Normal. Does that mean as set by a standard of normalcy? Of Tradition? Of a court of Law or Mother Nature? Americans were sick of "business as usual", or rather, the rusting of the political machinery that had come to a grinding halt in Washington.
Trump is already breaking the "norms" and 'Traditions" of a President-Elect; by going AWOL from the Press and changing transitions team members as soon as he entered the river of the White House reality. He did look "shook" after his 90 minutes with Obama, David Chappell was on the nose w/SNL. Normally, the President-Elect would put his holdings in a private trust and keep members of the campaign team close at hand assuming that had served up good advice during the proceeding years to the West Wing. Neither are happening, and the fringe are moving into the foreground.
Normally family members of the President-Elect are separated from the day to day operations concerning policy, trade and military. Trump wants them all in, up to the highest level of security clearance, while still running his global enterprises.
Normally a President-Elect doesn't have to face a trial for Fraud in first 77 days (now 69- but whose counting) between the election and inauguration:
http://nymag.com/daily/intelligencer/2016/11/trumps-legal-gambit-in-his-fraud-trial-is-also-a-fraud.html.
Normally, I don't hear people every where I go (store, restaurant, library, dog park, post office, gas station...) discussing the same topic for days! And folks who voted on different sides of the ticket are talking to each other about "why" and "what next". So some discourse is happening that stored in people's heads and not out in the air before November 8th, and that's a good thing.
Politics, like religion, are topics we are "normally" taught not to discuss in "mixed company", at dinner or at work. But now we all are starting to do so. I've heard more candid thoughts from people who voted for Trump, Clinton, Johnson or didn't vote than I've every heard before, during or after an election. I've always felt that not discussing religion and politics was a fallacy of logic regarding knowing some one fully or being a part of a community, as we'd never learn to accept and respect our differences. They were silent and hidden.
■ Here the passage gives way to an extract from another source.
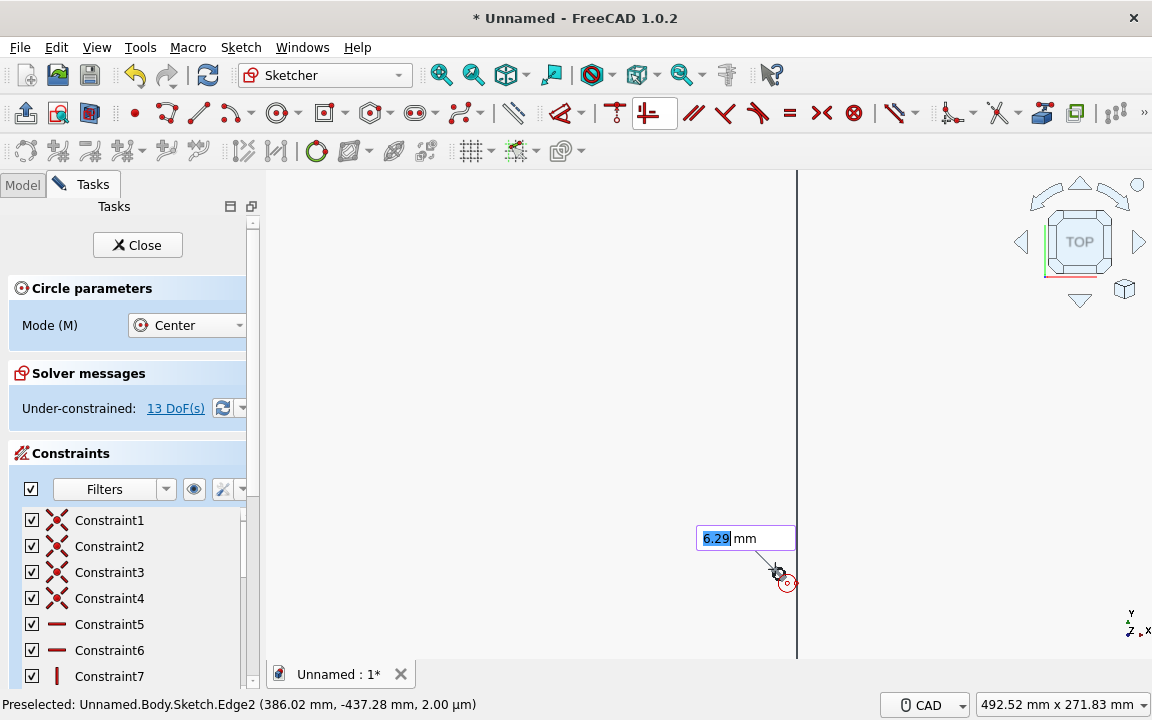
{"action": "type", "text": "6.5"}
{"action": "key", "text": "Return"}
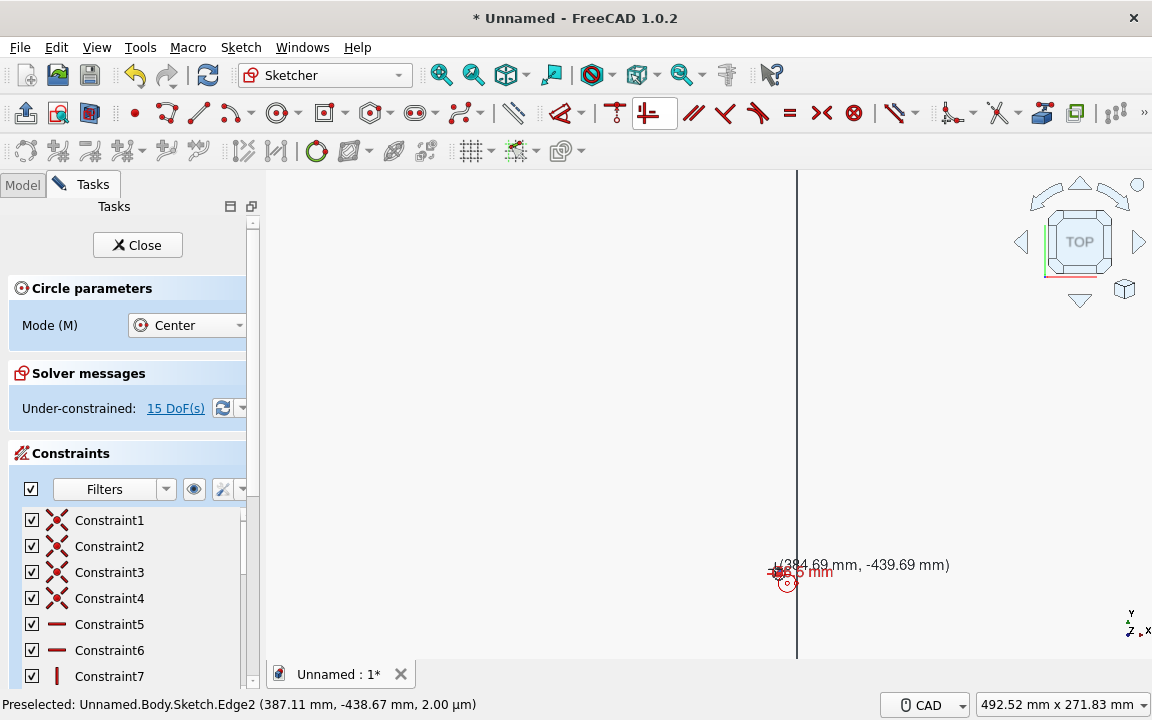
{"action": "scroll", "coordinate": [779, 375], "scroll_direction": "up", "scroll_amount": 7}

This would result in atypical behavior when some one "unknowingly" said some thing offensive. Thus the rise of political correctness, and starting phrases with "I don't know your politics or religion, but....".
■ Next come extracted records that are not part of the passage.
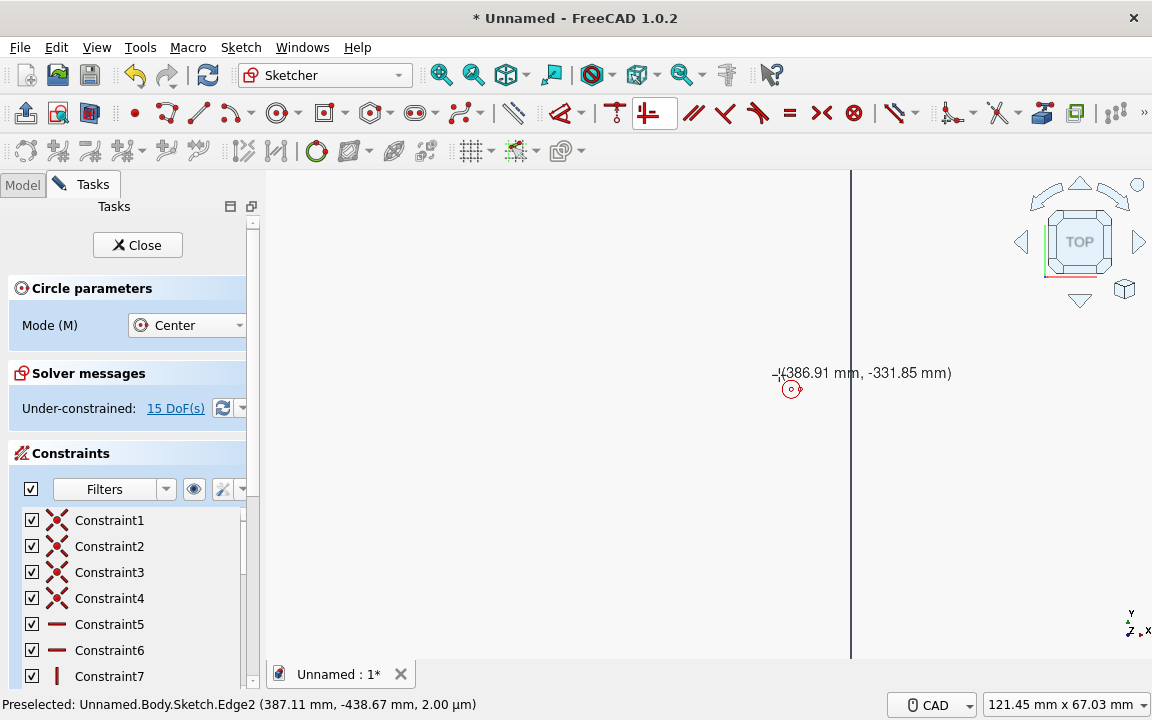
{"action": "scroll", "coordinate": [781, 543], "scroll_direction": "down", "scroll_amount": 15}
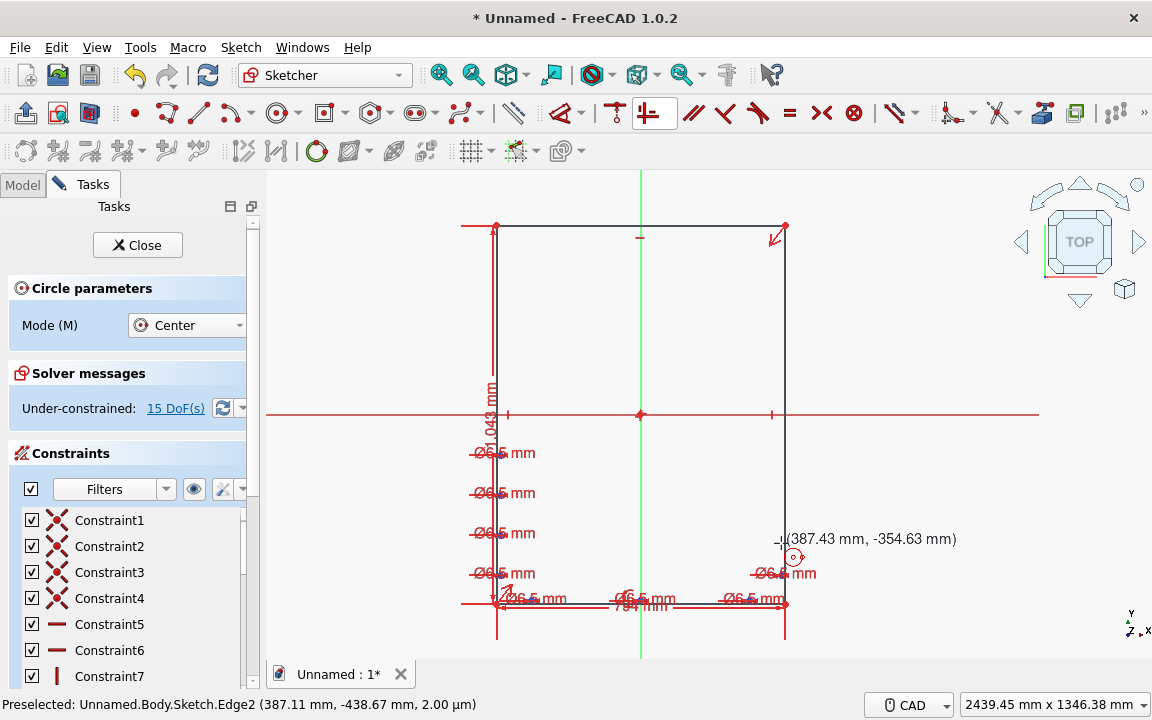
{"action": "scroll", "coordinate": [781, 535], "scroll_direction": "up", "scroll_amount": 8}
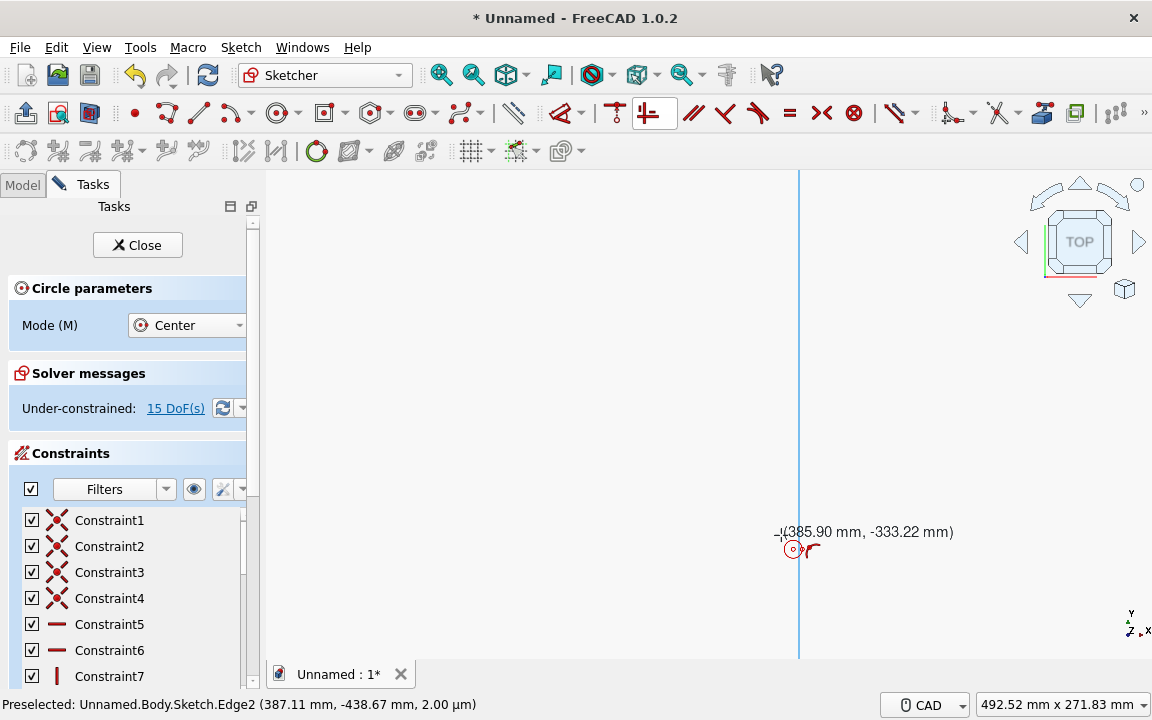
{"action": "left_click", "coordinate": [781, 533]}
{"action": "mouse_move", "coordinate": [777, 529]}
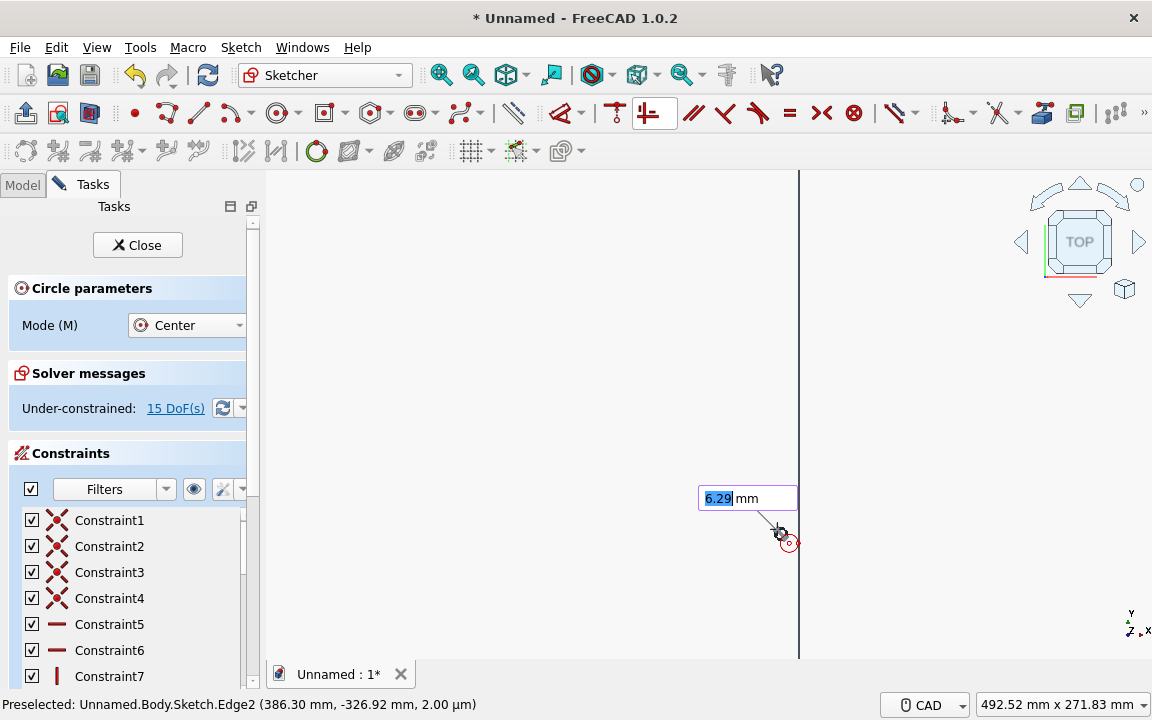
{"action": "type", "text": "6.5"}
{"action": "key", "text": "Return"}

Normally we didn't group ourselves with "others who believed differently" that we did. Yet I thought we'd come farther than that. 9/11 made us take stock of our global voice and how "others" reacted to it. Now I feel that we have to take stock in our domestic voice and, I'll write it again, not react but actively listen to each other. Listen, listen, listen and then talk. It's like the British Miners and Gay Pride activist who joined forces to be heard and respected:
"In a decade when a degree of homophobia was the norm, LGSM drove a couple of minibuses from Hackney Community Transport and a clapped-out VW camper van to a bleak mining town in South Wales to present their donations, uncertain what sort of welcome to expect. The events that unfolded said a lot about what it means to be empathetic, to overcome dissent and face common enemies: Thatcher, the tabloids, the police. They told a story about solidarity. " https://www.theguardian.com/film/2014/aug/31/pride-film-gay-activists-miners-strike-interview
1985 Reagan/Thatcher years in the UK...yet, against the "norm" people with different sets of problems who would "normally" have very little exposure to each other, let alone actively supporting each other, came together to do just that. "Prejudice can't survive proximity" was the take away line from that film!
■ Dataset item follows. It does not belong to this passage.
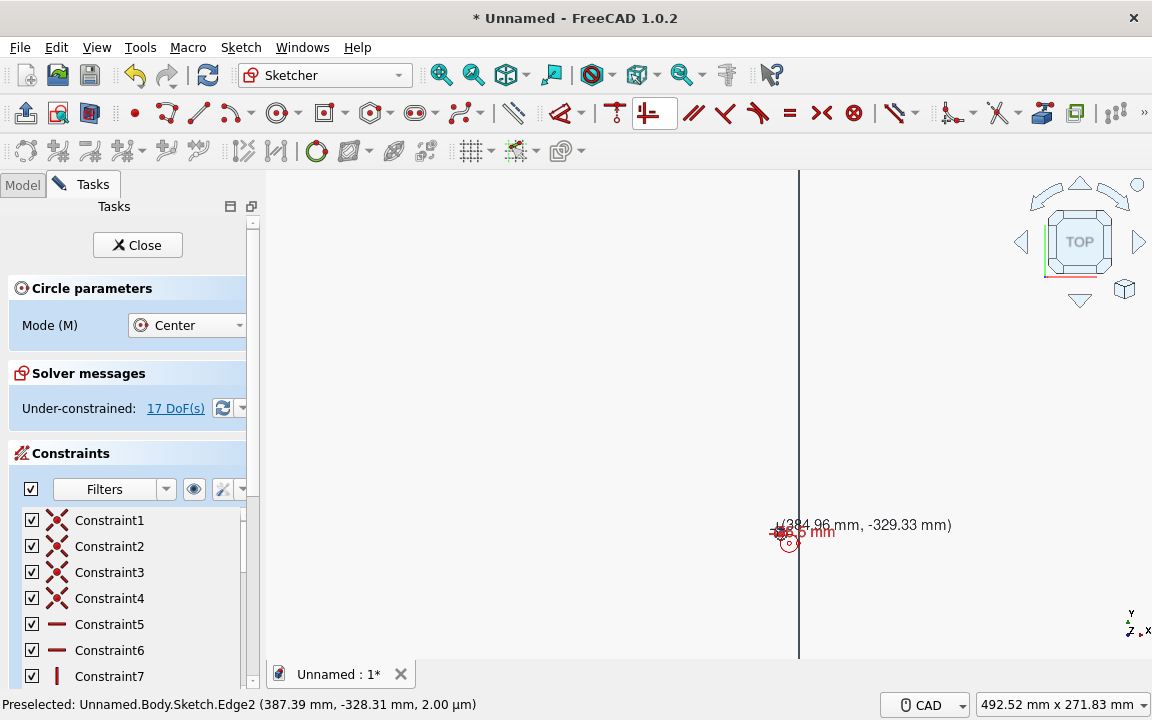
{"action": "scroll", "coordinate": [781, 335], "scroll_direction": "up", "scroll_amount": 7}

Thirty years later the norms of prejudice continue domestically and abroad. Used to be the Haves and Have Nots, followed by the Know and Know Nots, and now we are entering the era of Learners and Stuck in Neutrals. This is why education, STEM and reading are so important. This is why class, race and gender identity need to fully understood, explored and owned by each of us; not to differentiate from one another or be prejudice or hateful, but the opposite; to transcend our "normal lot": and support each other to each of our abilities.
We all have to continue to not accept Normal as a state of being, but rather a starting place for discussions to build a common language, understanding and foundation on which to build a better country and global community for us all. We honor the national traditions that hurt no one and keep order, so we can progress. And try to look at each other as unique individuals who each have a place of respect in this country. I'd like to set our society to that "Normal" on a cultural dial and let peace warmly reign.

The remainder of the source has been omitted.